CancerPred

A server for the prediction of Cancer lectins
Home Submit1 Submit2 Help Algorithm Contact Team Supplementary
Help


Sequence Name:

The user can give a name of sequence which he wish to input for the prediction.

E-mail Address:

The user is required to give his/her email ID for mailing the result of the prediction server to the corresponding ID. This is must for receiving the output of webserver if want to get the result on your email address.

SVM
This method is based upon Support Vector Machine (SVM). Depending upon the threshold value which user choices, SVM will classify the unknown protein into Cancerlectin and Non-cancerlectin protein. The default value of threshold is "-0.3". If user want less sensitivity but more specificity, then higher threshold value should be specified, but if opposite is anticipated then lower threshold value should be choosen. So, the expected outcome will depends on the trade-off between sensitivity and specificity.

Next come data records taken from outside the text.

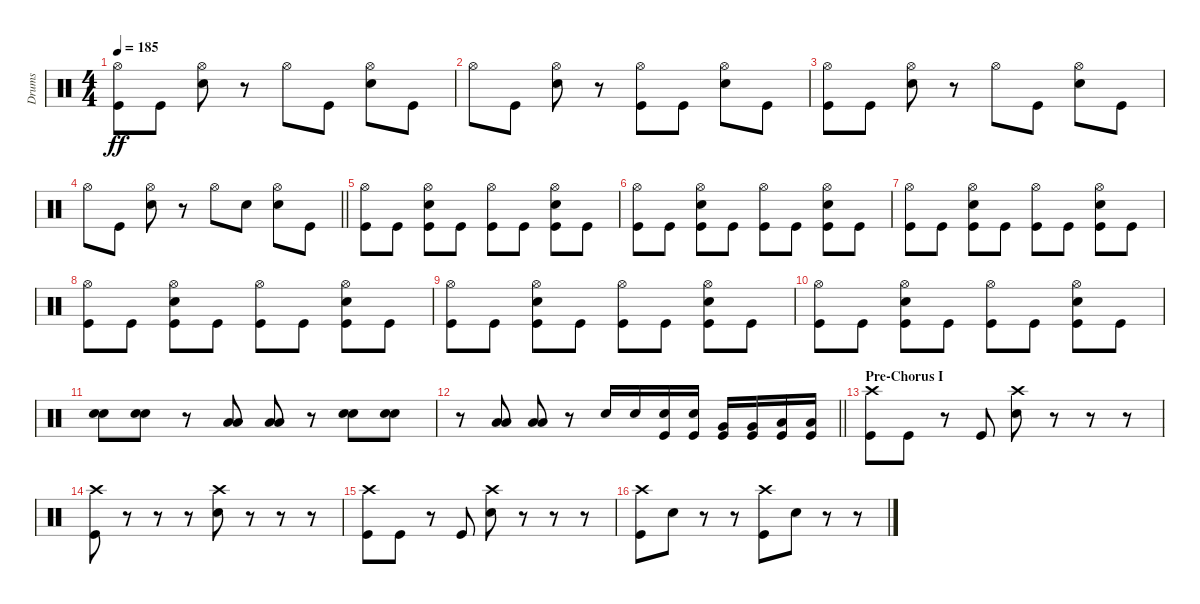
\track ("Drums" "Drums") {instrument percussion}
\staff {score}
\articulation defaults
\ts (4 4)
\tempo 185
\clef neutral
\ks c
("Hi-Hat (open)" "Kick (hit)").8{dy ff} "Kick (hit)".8 ("Hi-Hat (open)" "Electric Snare (hit)").8 r.8 "Hi-Hat (open)".8 "Kick (hit)".8 ("Hi-Hat (open)" "Electric Snare (hit)").8 "Kick (hit)".8 |
"Hi-Hat (open)".8 "Kick (hit)".8 ("Hi-Hat (open)" "Electric Snare (hit)").8 r.8 ("Hi-Hat (open)" "Kick (hit)").8 "Kick (hit)".8 ("Hi-Hat (open)" "Electric Snare (hit)").8 "Kick (hit)".8 |
("Hi-Hat (open)" "Kick (hit)").8 "Kick (hit)".8 ("Hi-Hat (open)" "Electric Snare (hit)").8 r.8 "Hi-Hat (open)".8 "Kick (hit)".8 ("Hi-Hat (open)" "Electric Snare (hit)").8 "Kick (hit)".8 |
\barLineRight lightlight "Hi-Hat (open)".8 "Kick (hit)".8
("Hi-Hat (open)" "Electric Snare (hit)").8 r.8 "Hi-Hat (open)".8 "Electric Snare (hit)".8 ("Hi-Hat (open)" "Electric Snare (hit)").8 "Kick (hit)".8 |
("Hi-Hat (open)" "Kick (hit)").8 "Kick (hit)".8 ("Hi-Hat (open)" "Electric Snare (hit)" "Kick (hit)").8 "Kick (hit)".8 ("Hi-Hat (open)" "Kick (hit)").8 "Kick (hit)".8 ("Hi-Hat (open)" "Electric Snare (hit)" "Kick (hit)").8 "Kick (hit)".8 |
("Hi-Hat (open)" "Kick (hit)").8 "Kick (hit)".8 ("Hi-Hat (open)" "Electric Snare (hit)" "Kick (hit)").8 "Kick (hit)".8 ("Hi-Hat (open)" "Kick (hit)").8 "Kick (hit)".8 ("Hi-Hat (open)" "Electric Snare (hit)" "Kick (hit)").8 "Kick (hit)".8 |
("Hi-Hat (open)" "Kick (hit)").8 "Kick (hit)".8 ("Hi-Hat (open)" "Electric Snare (hit)" "Kick (hit)").8 "Kick (hit)".8 ("Hi-Hat (open)" "Kick (hit)").8 "Kick (hit)".8 ("Hi-Hat (open)" "Electric Snare (hit)" "Kick (hit)").8 "Kick (hit)".8 |
("Hi-Hat (open)" "Kick (hit)").8 "Kick (hit)".8 ("Hi-Hat (open)" "Electric Snare (hit)" "Kick (hit)").8 "Kick (hit)".8 ("Hi-Hat (open)" "Kick (hit)").8 "Kick (hit)".8 ("Hi-Hat (open)" "Electric Snare (hit)" "Kick (hit)").8 "Kick (hit)".8 |
("Hi-Hat (open)" "Kick (hit)").8 "Kick (hit)".8 ("Hi-Hat (open)" "Electric Snare (hit)" "Kick (hit)").8 "Kick (hit)".8 ("Hi-Hat (open)" "Kick (hit)").8 "Kick (hit)".8 ("Hi-Hat (open)" "Electric Snare (hit)" "Kick (hit)").8 "Kick (hit)".8 |
("Hi-Hat (open)" "Kick (hit)").8 "Kick (hit)".8 ("Hi-Hat (open)" "Electric Snare (hit)" "Kick (hit)").8 "Kick (hit)".8 ("Hi-Hat (open)" "Kick (hit)").8 "Kick (hit)".8 ("Hi-Hat (open)" "Electric Snare (hit)" "Kick (hit)").8 "Kick (hit)".8 |
("Electric Snare (hit)" "Electric Snare (hit)").8 ("Electric Snare (hit)" "Electric Snare (hit)").8 r.8 ("Low Floor Tom (hit)" "Low Floor Tom (hit)").8 ("Low Floor Tom (hit)" "Low Floor Tom (hit)").8 r.8 ("Electric Snare (hit)" "Electric Snare (hit)").8 ("Electric Snare (hit)" "Electric Snare (hit)").8 |
\barLineRight lightlight
r.8 ("Low Floor Tom (hit)" "Low Floor Tom (hit)").8 ("Low Floor Tom (hit)" "Low Floor Tom (hit)").8 r.8 "Electric Snare (hit)".16 "Electric Snare (hit)".16 ("Electric Snare (hit)" "Kick (hit)").16 ("Electric Snare (hit)" "Kick (hit)").16 ("Very Low Tom (hit)" "Kick (hit)").16 ("Very Low Tom (hit)" "Kick (hit)").16 ("Low Floor Tom (hit)" "Kick (hit)").16 ("Low Floor Tom (hit)" "Kick (hit)").16 |
\section ("" "Pre-Chorus I")
("Crash high (hit)" "Kick (hit)").8 "Kick (hit)".8 r.8 "Kick (hit)".8 ("Crash high (hit)" "Electric Snare (hit)").8 r.8 r.8 r.8 |
("Crash high (hit)" "Kick (hit)").8 r.8 r.8 r.8 ("Crash high (hit)" "Electric Snare (hit)").8 r.8 r.8 r.8 |
("Crash high (hit)" "Kick (hit)").8 "Kick (hit)".8 r.8 "Kick (hit)".8 ("Crash high (hit)" "Electric Snare (hit)").8 r.8 r.8 r.8 |
("Crash high (hit)" "Kick (hit)").8 "Electric Snare (hit)".8 r.8 r.8 ("Crash high (hit)" "Kick (hit)").8 "Electric Snare (hit)".8 r.8 r.8

Amino composition calculation
In this percentage composition of all 20 amino acids were calculated, which in turn were used to derive the weight corrosponding to each amino acid. To determine the any unknown protein, compositions is calculated and then corrosponding weight is multiplied to it. All the 20 values determined in this way is summed up to get the cumulative score. If the cumulative score is less than -0.3 then it will be classified as non-Cancerlectin protein and if the score is greater than -0.3 then it will be predicted as cancerlectin .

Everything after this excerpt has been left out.